Oczami Jessie
Wybraliśmy pokój. Okropny !? Wszystko takie jasne... Yhh... Ja toleruje tylko ciemne kolory. U dziewczyn też jest dla mnie denerwujące jak się ubierają, ale jakoś to znoszę.
Rzuciłam walizki w kąt i rozłożyłam się na łóżku.
- Przypominam ci, że nie będę spał na ziemi. - Powiedział patrząc na mnie wymownie.

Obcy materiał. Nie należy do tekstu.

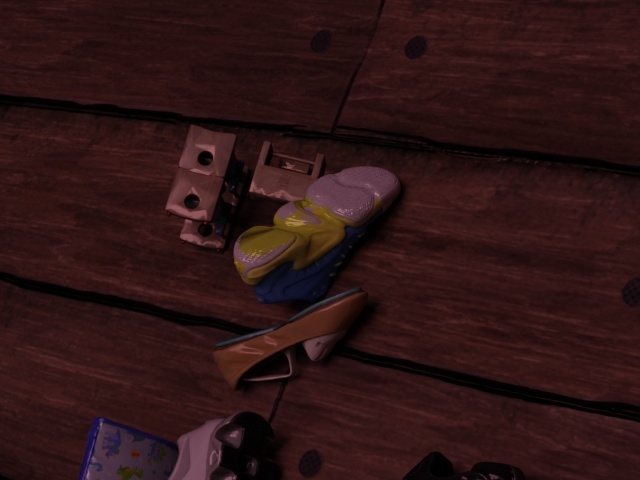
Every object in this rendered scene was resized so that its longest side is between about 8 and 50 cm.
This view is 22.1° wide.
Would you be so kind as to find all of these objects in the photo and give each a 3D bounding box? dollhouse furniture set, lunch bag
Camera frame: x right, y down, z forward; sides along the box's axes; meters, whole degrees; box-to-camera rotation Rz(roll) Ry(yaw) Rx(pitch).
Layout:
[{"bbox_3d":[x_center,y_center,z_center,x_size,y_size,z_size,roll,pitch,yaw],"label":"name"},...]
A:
[{"bbox_3d":[-0.094,-0.053,2.183,0.184,0.129,0.129,13,74,10],"label":"dollhouse furniture set"},{"bbox_3d":[-0.247,0.304,2.061,0.096,0.151,0.129,-4,65,35],"label":"lunch bag"}]

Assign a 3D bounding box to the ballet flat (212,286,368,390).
[{"bbox_3d":[-0.029,0.128,2.059,0.232,0.080,0.073,-24,82,28],"label":"ballet flat"}]

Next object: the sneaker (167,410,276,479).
[{"bbox_3d":[-0.147,0.375,1.983,0.146,0.122,0.330,-15,52,41],"label":"sneaker"}]

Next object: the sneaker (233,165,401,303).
[{"bbox_3d":[0.000,0.000,2.091,0.240,0.126,0.091,-27,45,-15],"label":"sneaker"}]

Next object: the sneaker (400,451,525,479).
[{"bbox_3d":[0.188,0.314,1.762,0.293,0.102,0.146,27,83,43],"label":"sneaker"}]
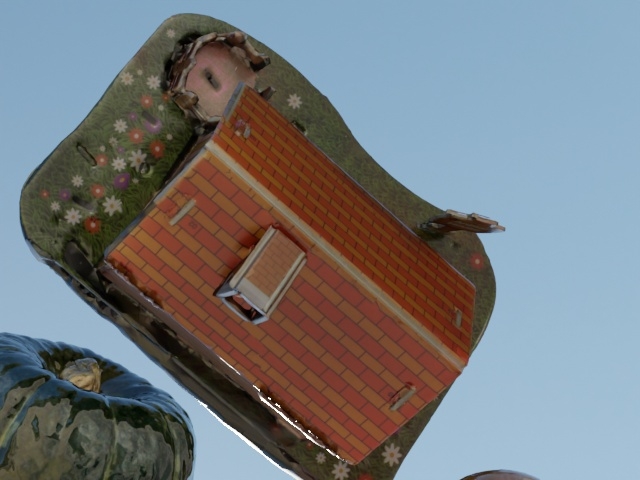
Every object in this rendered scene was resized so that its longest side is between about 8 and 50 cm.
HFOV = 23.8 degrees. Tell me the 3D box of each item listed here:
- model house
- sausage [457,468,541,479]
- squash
[{"bbox_3d":[-0.001,0.000,0.883,0.294,0.154,0.207,42,-112,-14],"label":"model house"},{"bbox_3d":[0.048,0.194,0.555,0.270,0.109,0.109,-71,-27,-53],"label":"sausage"},{"bbox_3d":[-0.232,0.181,1.338,0.252,0.252,0.165,16,-74,-50],"label":"squash"}]
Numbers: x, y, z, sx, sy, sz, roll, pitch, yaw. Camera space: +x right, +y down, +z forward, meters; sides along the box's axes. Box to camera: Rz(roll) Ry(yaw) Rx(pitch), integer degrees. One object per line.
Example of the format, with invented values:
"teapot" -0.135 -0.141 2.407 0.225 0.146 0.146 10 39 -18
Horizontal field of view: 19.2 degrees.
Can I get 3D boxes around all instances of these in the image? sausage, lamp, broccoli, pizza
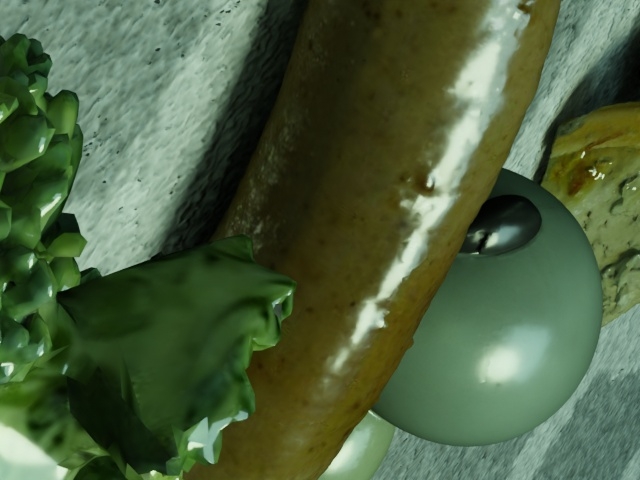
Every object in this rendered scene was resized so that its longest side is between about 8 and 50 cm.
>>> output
"sausage" 0.003 0.001 1.004 0.136 0.123 0.501 18 112 -20
"lamp" 0.057 0.058 1.162 0.244 0.198 0.197 -37 161 12
"broccoli" -0.175 0.099 0.608 0.338 0.317 0.277 -63 145 -43
"pizza" 0.229 -0.013 1.461 0.262 0.181 0.034 -47 -161 38

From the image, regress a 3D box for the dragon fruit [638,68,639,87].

- Możesz spać na kanapie. - Wskazałam na przedmiot w rogu.
- No chyba nie.
- Czyli wolisz na ziemi? - Droczyłam się z nim.
- Nie! Będę spać na łóżku.
- A ja gdzie wtedy mam spać ?
- Może ci pozwolę ze mną. - Prychnęłam.
- Jestem silniejsza i sprytniejsza, więc tak czy siak śpisz na kanapie lub na ziemi. - On jedynie burknął coś pod nosem i wyszedł na balkon.
Jak mam wytrzymać z nimi wszystkimi całe wakacje ?? Ja już teraz nie mogę wytrzymać.
Podniosłam się z tego obrzydliwie wygodnego i miękkiego łóżka. Ruszyłam w stronę drzwi.
- I gdzie się wybierasz?
- A co cię to?
- Tak się pytam. A więc?
- Przejść się. - Już chciałam wychodzić, ale chwycił mnie za ramię.
- Chcesz spacerować po nieznanym ci miejscu ?
- Jak będę mieć szczęście to się zgubię. - Tym razem udało mi się wyjść, ale on poszedł za mną. - Po co idziesz za mną?
- Idę z tobą na spacer. - Uśmiechnął się.
- Ale ja idę sama. - Jejku, jak on mnie denerwuje.
- Nooo... Idziesz sama... Ze mną. - Ten gość ewidentnie chce podnieść mi ciśnienie.
- Aa... Se idź… Ale się do mnie nie odzywaj.
- Spoko.
Wsiedliśmy do windy i zjechaliśmy na dół. Następnie wyszliśmy z hotelu. Na dworze było dość chłodno, ale się tym nie przejęłam. W końcu ja w zimę łaziłam na krótkim rękawku i w szortach. To dla mnie to nic.
Nie przejmując się Harry’m szłam dość szybko, gość nie nadążał za mną.
- Ej no, czekaj.
- Chciałeś ze mną spacerować, a ja właśnie w takim tempie spaceruje.
- A nie możesz ciut zwolnić ?
- Nie.
- Czemu taka jesteś? - Weszliśmy do jakiegoś parku.
- Taka, czyli jaka?
- Wredna, pyskata, pesymistyczna... - Bał się czy mu za to co powiedział nie przywalę.
- Bo taka jestem i się nie zmienię.
- Paul mówił, że kiedyś byłaś taka wesoła, otwarta do ludzi…
- To było kiedyś, teraz jestem inna i dobrze mi z tym.
- Ale…
- Skończ!!! Miałeś się nie odzywać. - Usiadłam sobie na ławce, a on zaraz po mnie. Chciał coś powiedzieć, ale ciągle się wahał, aż w końcu zwrócił swój wzrok w stronę bezchmurnego nieba i obserwował gwiazdy.
- Gracie na Madison Square Garden ?? - Zapytałam. Popatrzał na mnie dziwnie. W sumie się nie dziwę, w końcu co dopiero kazałam mu się zamknąć.